The impact of inlining depends on which C compiler is used, and the architecture targeted. For instance, inlining every node of Xoodoo speeds it up by a factor 1.61 on general purpose x86 register when compiling with gcc, but slows it down by a factor 0.98 on AVX2 registers when compiling with Clang. Overall, inlining every nodes is generally beneficial for performances, providing speedups of up to 1.89 (Ascon on GP x86 registers with gcc), but can sometimes be detrimental and reduce the performances by a few percents.

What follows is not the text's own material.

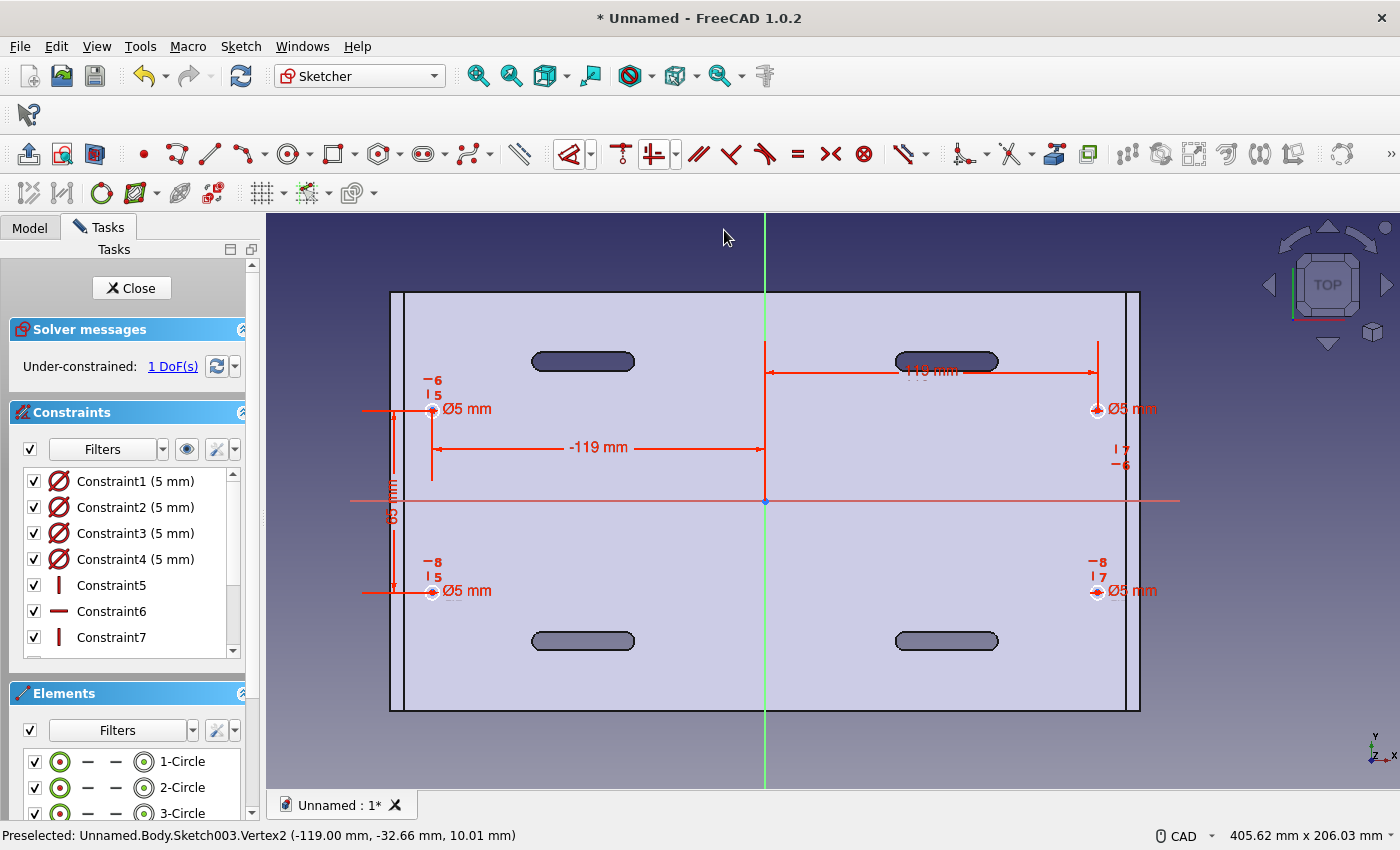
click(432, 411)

On AVX2 registers, when compiling with Clang, inlining tends to be slightly detrimental, as can be seen from the lower half of the third column. Those ciphers are the ones that benefits the less from our scheduling optimization, as can be seen from the table in the section mslicing of the scheduling post. One of the reason for this performance regression is the fact that fully inlined AVX code do not use the μop cache (DSB), but falls back to the MITE. On Gift compiled with Clang for instance, when all nodes are inlined, almost no μop is issued by the DSB, while when no node is inlined, 85% of the μops come from the DSB. This translates directly into a reduces instruction per cycle count: the inlined version is at 2.58 instructions per cycles, while the non-inlined version is at 3.25. The translates in a mere 0.93 slowdown however, because the fully inlined code still contains 15% less instructions. This impacts less general purpose registers than AVX because their instructions are smaller, and the MITE can thus decode more of them each cycle.

The gain of inlining are not only explained by the scheduling that follows. For instance, scheduling improves the performances of Gift, Clyde, Xoodoo and Chacha20 on general purpose by merely x1.01, x1.02, x1.03 and x1.05, yet fully inlining those ciphers speeds them up by x1.69, x1.16, x1.25 and x1.25 (with Clang). In those cases, both Clang and gcc chose not to be too aggressive on inlining, probably in order not to increase code size too much, but this came at the expense of performance.

Bitslicing, however, definitelly confuses the inlining heuristics of C compilers. A bitsliced node compiles to a C function taking hundreds of variables as inputs and outputs. For instance, the round function in DES takes 120 arguments once bitsliced. Calling such a function requires the caller to push hundreds of variables onto the stack while the callee has to go through the stack to retrieve them, leading to a significant execution overhead but also a growth in code size. Similarly, a permutation may be compiled into a function that takes hundreds of arguments and just does assignments, while once inlined, it is virtually optimized away by copy propagation. C compilers avoid inlining such functions because their code is quite large, missing the fact that they would be optimized away.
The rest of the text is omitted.